YOUR GOAL → Only the lines from the one with "3D box for the" to the end of the data below should be given again, exactly as written.

MATERIAL PROVIDED START

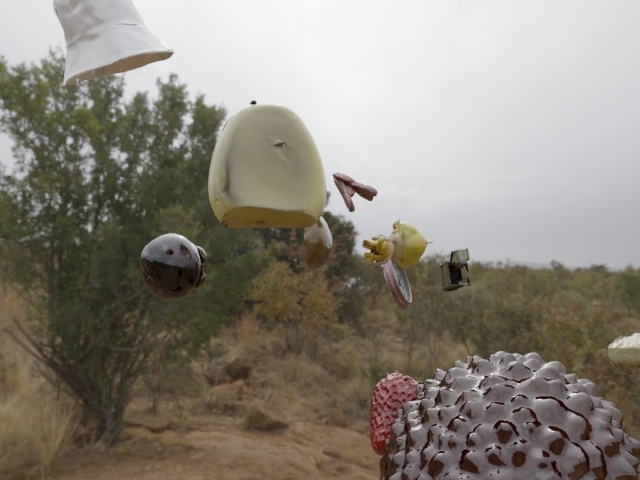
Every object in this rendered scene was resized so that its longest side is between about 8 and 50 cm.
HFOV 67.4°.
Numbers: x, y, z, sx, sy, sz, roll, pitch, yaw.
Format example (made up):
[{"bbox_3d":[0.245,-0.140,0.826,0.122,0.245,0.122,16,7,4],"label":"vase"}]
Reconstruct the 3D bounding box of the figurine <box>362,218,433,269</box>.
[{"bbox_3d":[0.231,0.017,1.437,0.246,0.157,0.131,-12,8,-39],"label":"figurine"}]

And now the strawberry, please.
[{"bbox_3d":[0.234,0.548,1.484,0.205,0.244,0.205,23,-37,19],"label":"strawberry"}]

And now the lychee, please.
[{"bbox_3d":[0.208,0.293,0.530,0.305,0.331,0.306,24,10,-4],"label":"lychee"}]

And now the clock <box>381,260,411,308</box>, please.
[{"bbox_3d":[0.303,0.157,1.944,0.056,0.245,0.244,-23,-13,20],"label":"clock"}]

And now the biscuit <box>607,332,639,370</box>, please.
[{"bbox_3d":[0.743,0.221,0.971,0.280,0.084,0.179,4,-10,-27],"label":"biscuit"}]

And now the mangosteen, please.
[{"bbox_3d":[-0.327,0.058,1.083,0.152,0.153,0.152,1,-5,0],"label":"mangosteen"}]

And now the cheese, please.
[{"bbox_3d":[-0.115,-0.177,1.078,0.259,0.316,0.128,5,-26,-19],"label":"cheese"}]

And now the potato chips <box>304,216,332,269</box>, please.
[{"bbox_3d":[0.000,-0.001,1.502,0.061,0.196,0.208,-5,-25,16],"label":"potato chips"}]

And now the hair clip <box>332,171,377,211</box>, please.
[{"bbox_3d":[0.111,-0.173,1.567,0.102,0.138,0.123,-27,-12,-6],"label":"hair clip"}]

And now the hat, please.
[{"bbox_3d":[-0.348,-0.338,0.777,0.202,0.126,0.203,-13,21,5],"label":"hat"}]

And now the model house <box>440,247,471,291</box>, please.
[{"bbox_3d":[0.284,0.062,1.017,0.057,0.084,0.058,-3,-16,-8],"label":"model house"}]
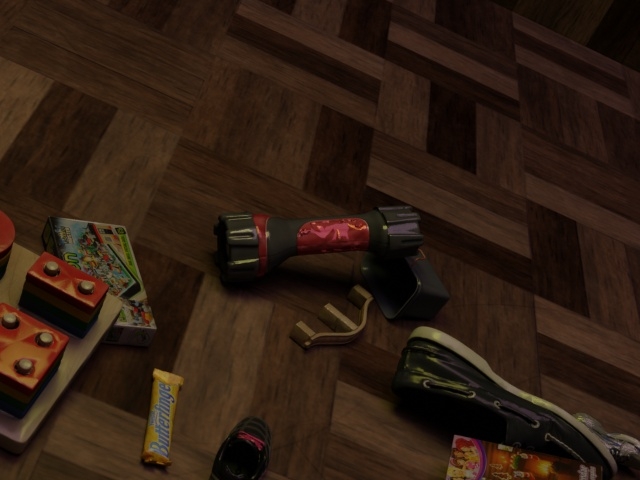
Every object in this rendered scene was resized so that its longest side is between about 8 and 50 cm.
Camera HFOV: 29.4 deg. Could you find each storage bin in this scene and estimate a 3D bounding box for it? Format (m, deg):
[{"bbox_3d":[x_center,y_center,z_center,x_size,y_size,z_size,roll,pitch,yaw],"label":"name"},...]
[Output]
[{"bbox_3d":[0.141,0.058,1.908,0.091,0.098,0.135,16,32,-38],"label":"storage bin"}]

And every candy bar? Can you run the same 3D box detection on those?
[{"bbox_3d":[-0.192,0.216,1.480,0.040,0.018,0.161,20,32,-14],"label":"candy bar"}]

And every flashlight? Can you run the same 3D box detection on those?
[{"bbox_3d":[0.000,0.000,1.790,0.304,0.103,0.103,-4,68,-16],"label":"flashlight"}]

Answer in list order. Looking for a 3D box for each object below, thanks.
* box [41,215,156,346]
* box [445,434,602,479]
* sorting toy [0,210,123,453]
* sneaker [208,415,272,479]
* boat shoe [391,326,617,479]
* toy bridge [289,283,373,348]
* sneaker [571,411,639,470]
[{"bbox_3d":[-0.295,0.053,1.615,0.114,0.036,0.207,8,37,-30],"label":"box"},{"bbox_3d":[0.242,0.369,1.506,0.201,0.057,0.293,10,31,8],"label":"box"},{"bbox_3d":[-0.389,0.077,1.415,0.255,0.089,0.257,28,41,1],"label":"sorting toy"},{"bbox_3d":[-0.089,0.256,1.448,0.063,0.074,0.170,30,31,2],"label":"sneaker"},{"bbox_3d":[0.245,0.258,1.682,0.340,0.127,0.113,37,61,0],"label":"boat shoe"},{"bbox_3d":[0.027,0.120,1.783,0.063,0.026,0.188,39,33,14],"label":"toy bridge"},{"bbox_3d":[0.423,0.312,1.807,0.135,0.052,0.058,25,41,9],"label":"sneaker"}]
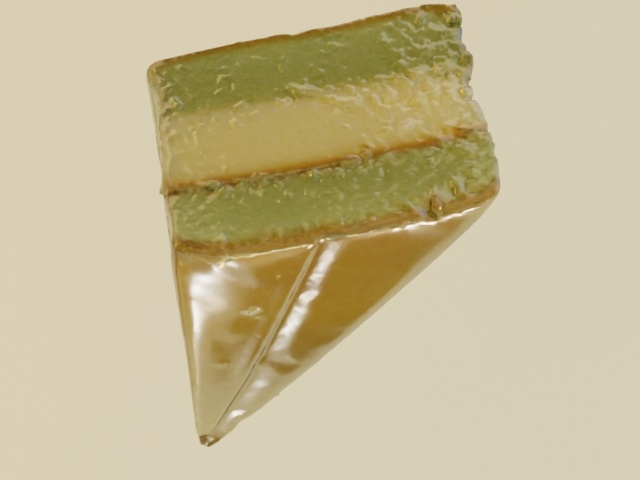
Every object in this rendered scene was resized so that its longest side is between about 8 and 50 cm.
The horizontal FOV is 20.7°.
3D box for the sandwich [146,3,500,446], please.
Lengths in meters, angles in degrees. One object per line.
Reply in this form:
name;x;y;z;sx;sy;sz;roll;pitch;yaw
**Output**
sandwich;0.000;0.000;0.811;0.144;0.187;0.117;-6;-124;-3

MATERIAL PROVIDED END

PROBLEM SOLUTION →
3D box for the sandwich [146,3,500,446], please.
Lengths in meters, angles in degrees. One object per line.
Reply in this form:
name;x;y;z;sx;sy;sz;roll;pitch;yaw
**Output**
sandwich;0.000;0.000;0.811;0.144;0.187;0.117;-6;-124;-3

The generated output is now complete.